+++ Given information +++

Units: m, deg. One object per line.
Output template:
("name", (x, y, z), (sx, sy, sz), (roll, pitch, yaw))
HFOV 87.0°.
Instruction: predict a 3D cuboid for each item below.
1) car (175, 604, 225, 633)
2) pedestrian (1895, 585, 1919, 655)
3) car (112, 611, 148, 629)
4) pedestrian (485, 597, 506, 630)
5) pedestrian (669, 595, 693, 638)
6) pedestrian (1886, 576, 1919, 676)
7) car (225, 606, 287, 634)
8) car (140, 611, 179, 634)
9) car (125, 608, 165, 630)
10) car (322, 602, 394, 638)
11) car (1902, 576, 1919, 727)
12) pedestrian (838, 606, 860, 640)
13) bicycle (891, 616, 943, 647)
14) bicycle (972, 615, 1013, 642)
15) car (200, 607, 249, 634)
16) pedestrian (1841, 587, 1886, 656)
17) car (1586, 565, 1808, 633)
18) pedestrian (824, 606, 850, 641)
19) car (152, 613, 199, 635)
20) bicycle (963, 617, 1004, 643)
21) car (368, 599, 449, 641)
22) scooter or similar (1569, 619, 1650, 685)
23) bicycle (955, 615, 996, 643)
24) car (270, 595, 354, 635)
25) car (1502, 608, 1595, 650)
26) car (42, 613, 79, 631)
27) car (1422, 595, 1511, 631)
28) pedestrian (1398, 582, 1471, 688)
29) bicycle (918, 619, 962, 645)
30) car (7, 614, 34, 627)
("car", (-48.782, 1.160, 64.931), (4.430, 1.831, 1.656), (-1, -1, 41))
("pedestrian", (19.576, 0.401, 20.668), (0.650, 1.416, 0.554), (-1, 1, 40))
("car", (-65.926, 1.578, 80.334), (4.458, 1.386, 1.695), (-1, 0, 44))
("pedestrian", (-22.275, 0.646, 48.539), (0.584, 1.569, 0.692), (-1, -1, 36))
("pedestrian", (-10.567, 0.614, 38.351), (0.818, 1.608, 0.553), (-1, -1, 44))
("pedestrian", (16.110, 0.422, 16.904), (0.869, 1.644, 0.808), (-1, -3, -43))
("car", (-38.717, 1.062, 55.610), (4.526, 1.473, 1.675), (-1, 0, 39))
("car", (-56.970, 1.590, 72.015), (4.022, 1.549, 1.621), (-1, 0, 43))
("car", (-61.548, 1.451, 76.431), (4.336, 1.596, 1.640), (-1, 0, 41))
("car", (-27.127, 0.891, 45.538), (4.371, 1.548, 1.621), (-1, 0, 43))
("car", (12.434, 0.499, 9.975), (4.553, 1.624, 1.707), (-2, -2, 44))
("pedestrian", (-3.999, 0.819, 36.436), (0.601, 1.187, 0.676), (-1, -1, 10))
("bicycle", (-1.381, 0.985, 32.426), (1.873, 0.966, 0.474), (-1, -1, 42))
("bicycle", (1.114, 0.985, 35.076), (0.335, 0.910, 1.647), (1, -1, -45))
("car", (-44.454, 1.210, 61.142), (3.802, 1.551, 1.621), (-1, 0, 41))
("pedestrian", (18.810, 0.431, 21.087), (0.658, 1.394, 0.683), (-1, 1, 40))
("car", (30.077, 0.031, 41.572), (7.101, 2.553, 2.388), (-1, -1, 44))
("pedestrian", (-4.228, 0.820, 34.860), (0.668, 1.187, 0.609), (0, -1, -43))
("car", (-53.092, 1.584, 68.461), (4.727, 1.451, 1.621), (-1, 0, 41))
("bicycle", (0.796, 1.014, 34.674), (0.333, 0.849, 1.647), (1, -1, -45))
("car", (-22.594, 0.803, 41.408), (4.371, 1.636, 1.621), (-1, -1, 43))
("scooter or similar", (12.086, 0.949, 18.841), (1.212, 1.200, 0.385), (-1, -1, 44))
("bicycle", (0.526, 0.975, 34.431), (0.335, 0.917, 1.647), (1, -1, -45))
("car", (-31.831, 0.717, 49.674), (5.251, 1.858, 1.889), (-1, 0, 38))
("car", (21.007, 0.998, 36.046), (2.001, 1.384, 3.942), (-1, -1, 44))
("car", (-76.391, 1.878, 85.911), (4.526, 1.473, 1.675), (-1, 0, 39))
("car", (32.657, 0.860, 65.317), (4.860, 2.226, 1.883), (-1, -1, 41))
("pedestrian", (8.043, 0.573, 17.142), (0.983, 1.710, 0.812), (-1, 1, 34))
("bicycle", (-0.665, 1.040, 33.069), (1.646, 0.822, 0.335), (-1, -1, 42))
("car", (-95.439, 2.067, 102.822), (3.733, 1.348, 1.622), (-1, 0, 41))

+++

__Instructions for the task__
The line above containing "9) car (125, 608, 165, 630)", the line containing "29) bicycle (918, 619, 962, 645)", and every line between them are to be transcribed exactly; no other line is wanted.

__Solution to this exercise__
9) car (125, 608, 165, 630)
10) car (322, 602, 394, 638)
11) car (1902, 576, 1919, 727)
12) pedestrian (838, 606, 860, 640)
13) bicycle (891, 616, 943, 647)
14) bicycle (972, 615, 1013, 642)
15) car (200, 607, 249, 634)
16) pedestrian (1841, 587, 1886, 656)
17) car (1586, 565, 1808, 633)
18) pedestrian (824, 606, 850, 641)
19) car (152, 613, 199, 635)
20) bicycle (963, 617, 1004, 643)
21) car (368, 599, 449, 641)
22) scooter or similar (1569, 619, 1650, 685)
23) bicycle (955, 615, 996, 643)
24) car (270, 595, 354, 635)
25) car (1502, 608, 1595, 650)
26) car (42, 613, 79, 631)
27) car (1422, 595, 1511, 631)
28) pedestrian (1398, 582, 1471, 688)
29) bicycle (918, 619, 962, 645)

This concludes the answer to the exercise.